WHAT IS REQUIRED
Give the number of lines in the entries below that contain "According". Write nothing besides it.

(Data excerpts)

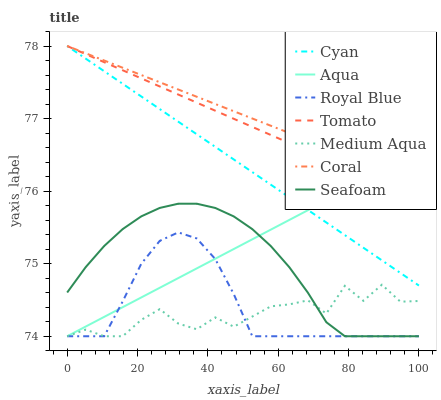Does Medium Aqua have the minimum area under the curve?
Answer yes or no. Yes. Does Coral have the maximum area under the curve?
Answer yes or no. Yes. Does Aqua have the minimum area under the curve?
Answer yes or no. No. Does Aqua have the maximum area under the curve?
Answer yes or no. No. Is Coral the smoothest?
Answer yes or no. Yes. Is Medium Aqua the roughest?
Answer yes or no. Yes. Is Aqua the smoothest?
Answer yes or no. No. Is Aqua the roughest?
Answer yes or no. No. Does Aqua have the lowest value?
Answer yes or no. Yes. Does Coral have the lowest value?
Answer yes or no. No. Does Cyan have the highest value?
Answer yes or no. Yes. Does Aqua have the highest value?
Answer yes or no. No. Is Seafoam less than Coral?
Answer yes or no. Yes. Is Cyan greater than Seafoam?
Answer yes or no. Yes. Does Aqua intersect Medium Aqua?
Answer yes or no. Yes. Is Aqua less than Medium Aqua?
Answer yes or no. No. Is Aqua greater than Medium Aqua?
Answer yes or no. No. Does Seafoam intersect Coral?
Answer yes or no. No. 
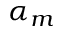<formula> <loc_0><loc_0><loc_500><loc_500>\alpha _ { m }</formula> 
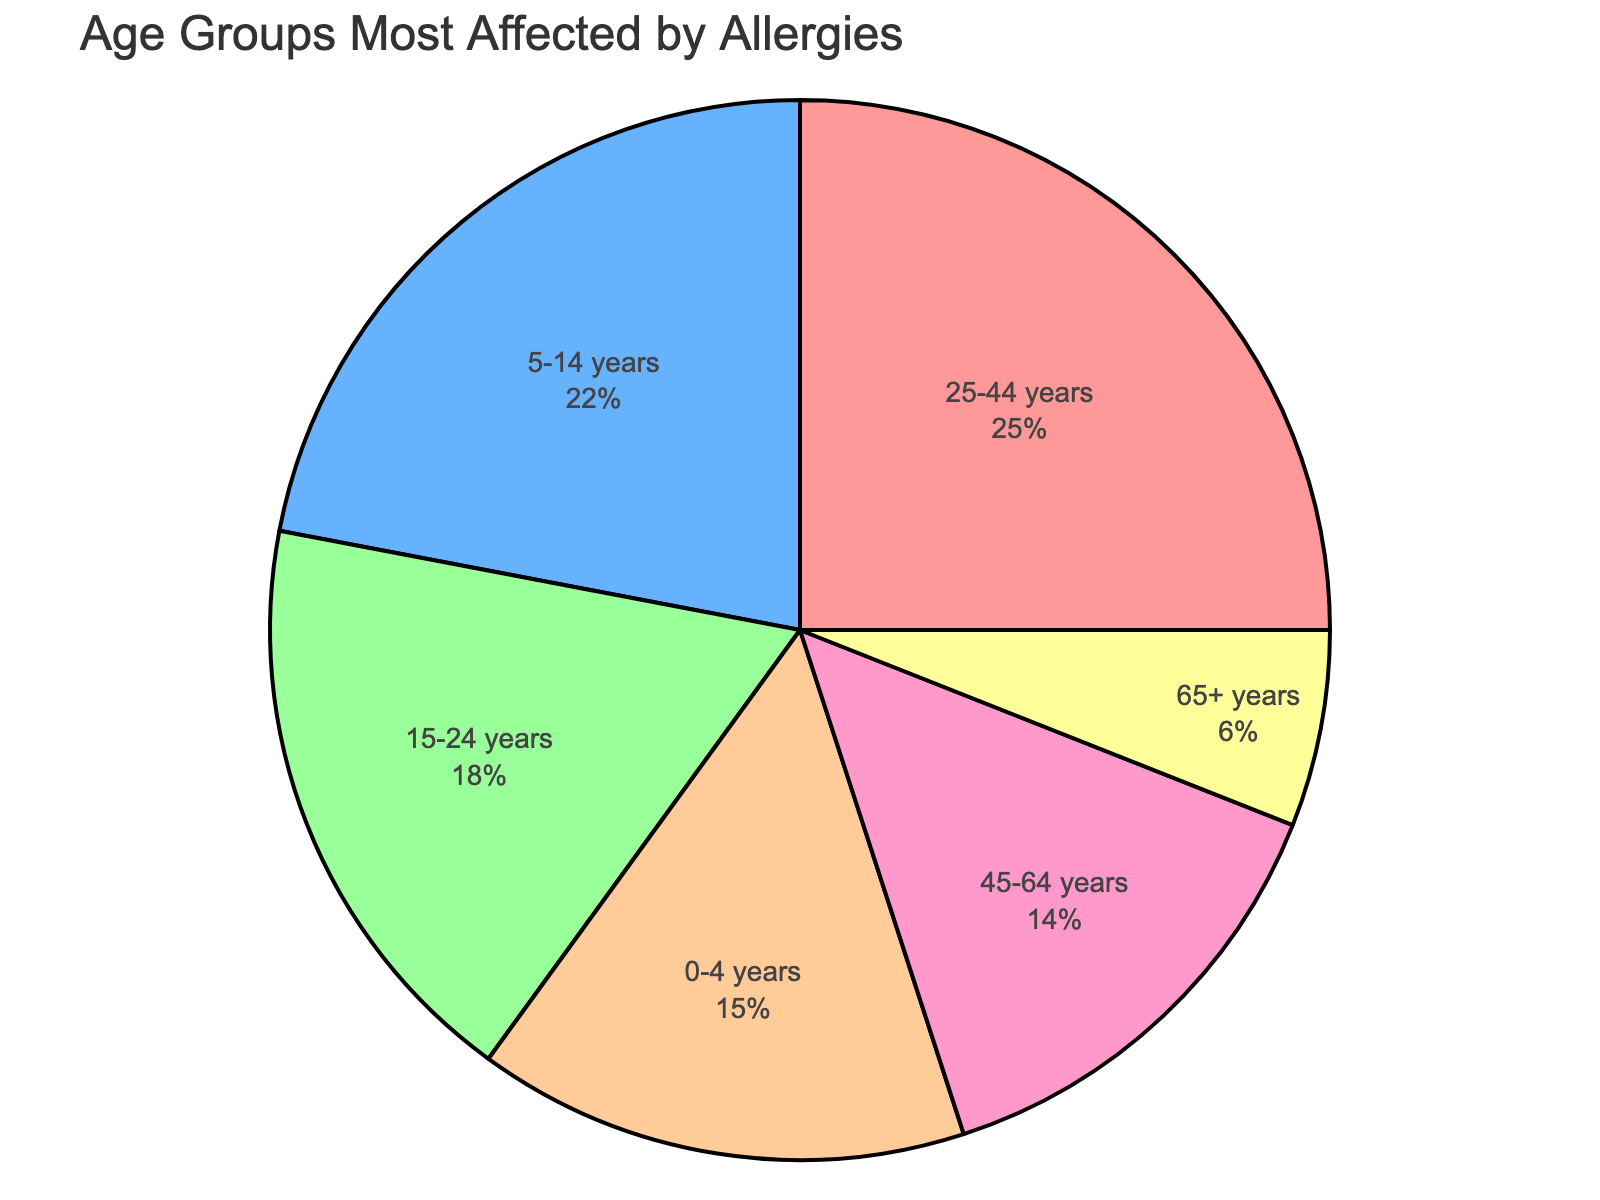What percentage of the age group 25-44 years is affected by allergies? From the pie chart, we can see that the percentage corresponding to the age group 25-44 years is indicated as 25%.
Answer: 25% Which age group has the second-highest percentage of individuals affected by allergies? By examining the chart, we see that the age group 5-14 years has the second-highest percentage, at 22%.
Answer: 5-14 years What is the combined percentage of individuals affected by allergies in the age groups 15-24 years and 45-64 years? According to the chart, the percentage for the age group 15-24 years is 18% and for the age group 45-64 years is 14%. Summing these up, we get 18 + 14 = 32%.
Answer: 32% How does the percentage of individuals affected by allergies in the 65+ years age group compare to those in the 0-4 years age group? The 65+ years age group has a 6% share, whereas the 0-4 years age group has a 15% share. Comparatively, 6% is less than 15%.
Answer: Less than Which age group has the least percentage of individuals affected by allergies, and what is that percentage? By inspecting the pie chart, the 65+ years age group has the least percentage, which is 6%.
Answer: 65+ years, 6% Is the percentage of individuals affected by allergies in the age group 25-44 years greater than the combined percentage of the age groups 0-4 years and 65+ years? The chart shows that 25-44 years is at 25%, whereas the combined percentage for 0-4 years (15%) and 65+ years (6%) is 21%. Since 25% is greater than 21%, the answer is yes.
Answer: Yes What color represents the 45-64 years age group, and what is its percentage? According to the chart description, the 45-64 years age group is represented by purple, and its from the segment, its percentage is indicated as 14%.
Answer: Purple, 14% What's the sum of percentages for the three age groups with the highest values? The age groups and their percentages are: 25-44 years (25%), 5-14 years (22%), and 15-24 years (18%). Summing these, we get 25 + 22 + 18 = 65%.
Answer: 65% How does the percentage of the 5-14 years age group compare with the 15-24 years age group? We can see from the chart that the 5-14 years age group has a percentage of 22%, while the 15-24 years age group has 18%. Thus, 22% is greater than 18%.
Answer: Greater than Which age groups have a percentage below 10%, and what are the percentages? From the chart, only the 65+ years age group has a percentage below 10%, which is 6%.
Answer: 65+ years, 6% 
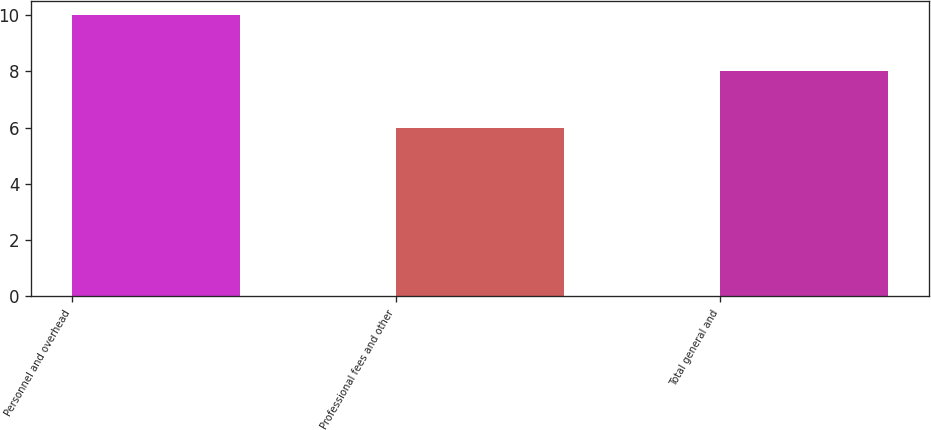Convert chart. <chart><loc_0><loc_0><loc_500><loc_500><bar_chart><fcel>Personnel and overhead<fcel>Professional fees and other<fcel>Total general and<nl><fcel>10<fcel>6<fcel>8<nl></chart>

ANSWER BOX
2